Divergence detection
A divergence occurs when a single leapfrog step produces a Hamiltonian error \(\Delta H = H' - H_0 > 1000\). Divergences indicate that the step size is too large relative to the local curvature of the posterior. The number of divergent transitions is recorded in StepResult::NUTSDiagnostics and surfaced to the user via extract_nuts_diagnostics().
Warmup
NUTS adapts the step size \(\epsilon\) and the diagonal mass matrix \(M\) during a multi-stage warmup period before sampling begins. The three core stages (1, 2, 3a) follow Stan’s warmup scheme for NUTS. Stages 3b and 3c are bgms extensions that accommodate the spike-and-slab edge selection machinery.
The full warmup schedule — stage boundaries, budget allocation, adaptation algorithms, and warning system — is documented in Warmup Schedule.
NUTS diagnostics
Each NUTS step records four diagnostics:
- Tree depth — Number of doubling steps (0 to
max_tree_depth). Consistently hitting the maximum indicates the step size may be too small. - Divergent — Whether a divergence was detected in any leapfrog step during tree building.

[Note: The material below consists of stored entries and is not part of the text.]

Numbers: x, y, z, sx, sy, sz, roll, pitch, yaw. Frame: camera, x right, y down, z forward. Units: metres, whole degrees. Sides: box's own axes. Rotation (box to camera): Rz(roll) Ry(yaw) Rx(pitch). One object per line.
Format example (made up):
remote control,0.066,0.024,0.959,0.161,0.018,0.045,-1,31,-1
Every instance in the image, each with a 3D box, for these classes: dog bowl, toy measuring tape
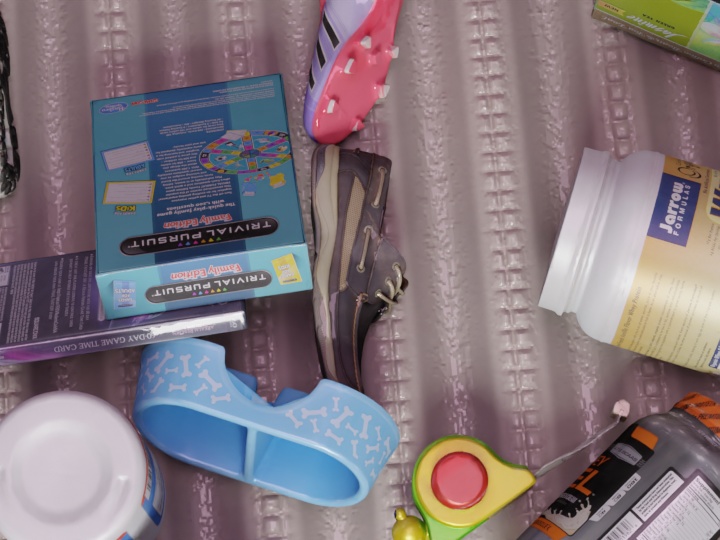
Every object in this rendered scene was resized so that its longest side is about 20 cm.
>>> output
dog bowl,-0.073,0.113,1.425,0.198,0.112,0.050,18,58,5
toy measuring tape,0.102,0.134,1.448,0.199,0.074,0.074,-34,78,-8

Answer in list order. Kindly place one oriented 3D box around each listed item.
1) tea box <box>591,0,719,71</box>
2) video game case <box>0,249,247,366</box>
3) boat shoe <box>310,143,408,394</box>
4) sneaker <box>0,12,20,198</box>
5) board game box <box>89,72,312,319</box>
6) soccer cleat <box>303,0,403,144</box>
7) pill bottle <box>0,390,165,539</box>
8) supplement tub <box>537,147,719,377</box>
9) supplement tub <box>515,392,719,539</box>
tea box,0.279,-0.283,1.485,0.133,0.197,0.201,23,76,5
video game case,-0.184,0.019,1.451,0.198,0.143,0.019,-8,116,-2
boat shoe,0.000,0.000,1.479,0.073,0.075,0.202,-2,77,0
sneaker,-0.318,-0.152,1.517,0.089,0.078,0.202,-8,76,2
board game box,-0.120,-0.058,1.457,0.150,0.047,0.201,-8,43,-1
soccer cleat,-0.008,-0.193,1.541,0.076,0.067,0.201,14,80,36
pill bottle,-0.194,0.155,1.375,0.111,0.200,0.113,0,75,0
supplement tub,0.240,-0.004,1.442,0.198,0.144,0.145,17,76,4
supplement tub,0.199,0.189,1.406,0.200,0.123,0.123,-43,79,-10
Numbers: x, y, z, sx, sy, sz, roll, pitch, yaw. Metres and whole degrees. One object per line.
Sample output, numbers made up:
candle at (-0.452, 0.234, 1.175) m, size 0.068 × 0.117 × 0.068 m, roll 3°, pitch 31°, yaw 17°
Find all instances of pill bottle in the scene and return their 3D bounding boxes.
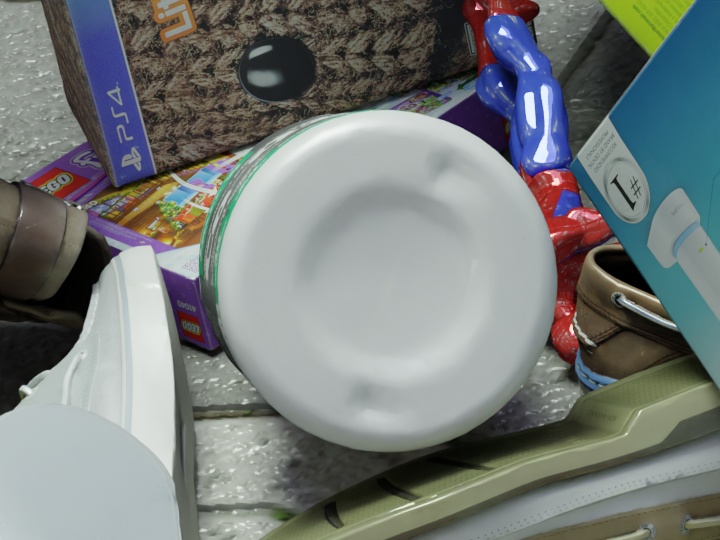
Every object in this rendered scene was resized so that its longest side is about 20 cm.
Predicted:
pill bottle at (0.000, 0.000, 1.068) m, size 0.113 × 0.113 × 0.200 m, roll -16°, pitch 3°, yaw -5°

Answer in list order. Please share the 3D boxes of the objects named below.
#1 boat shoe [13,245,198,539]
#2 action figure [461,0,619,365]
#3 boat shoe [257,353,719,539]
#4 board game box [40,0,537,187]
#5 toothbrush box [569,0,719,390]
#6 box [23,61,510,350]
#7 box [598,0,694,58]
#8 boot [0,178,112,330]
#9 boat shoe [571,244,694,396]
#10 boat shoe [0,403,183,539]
boat shoe at (-0.099, 0.062, 1.128) m, size 0.068 × 0.072 × 0.200 m, roll -9°, pitch 40°, yaw 1°
action figure at (0.099, -0.046, 1.204) m, size 0.099 × 0.065 × 0.200 m, roll -1°, pitch 54°, yaw -5°
boat shoe at (0.059, 0.090, 1.005) m, size 0.200 × 0.069 × 0.075 m, roll -19°, pitch 9°, yaw -9°
board game box at (-0.043, -0.153, 1.284) m, size 0.200 × 0.160 × 0.097 m, roll -19°, pitch 31°, yaw -9°
toothbrush box at (0.178, -0.006, 0.954) m, size 0.085 × 0.147 × 0.200 m, roll -16°, pitch 63°, yaw -37°
box at (-0.041, -0.046, 1.303) m, size 0.200 × 0.039 × 0.137 m, roll -34°, pitch 37°, yaw -31°
box at (0.123, -0.147, 1.293) m, size 0.048 × 0.122 × 0.200 m, roll -41°, pitch 9°, yaw 14°
boot at (-0.176, -0.007, 1.237) m, size 0.146 × 0.070 × 0.200 m, roll 14°, pitch -8°, yaw 1°
boat shoe at (0.171, 0.022, 1.078) m, size 0.199 × 0.073 × 0.072 m, roll -2°, pitch 32°, yaw 18°
boat shoe at (-0.079, 0.126, 0.990) m, size 0.071 × 0.070 × 0.200 m, roll -12°, pitch 41°, yaw -27°

- Non-reversible — Whether a constrained leapfrog step (RATTLE) failed the round-trip reversibility check. Only relevant for models that use the constrained integrator (e.g., edge selection with continuous variables). A non-reversible step terminates the NUTS tree, similar to a divergence.
- Energy — The Hamiltonian \(H = -\log \pi(q) + \frac{1}{2} p^\top M^{-1} p\). Used to compute E-BFMI (energy Bayesian fraction of missing information).
These diagnostics are collected per chain and accessible via extract_nuts_diagnostics() in R.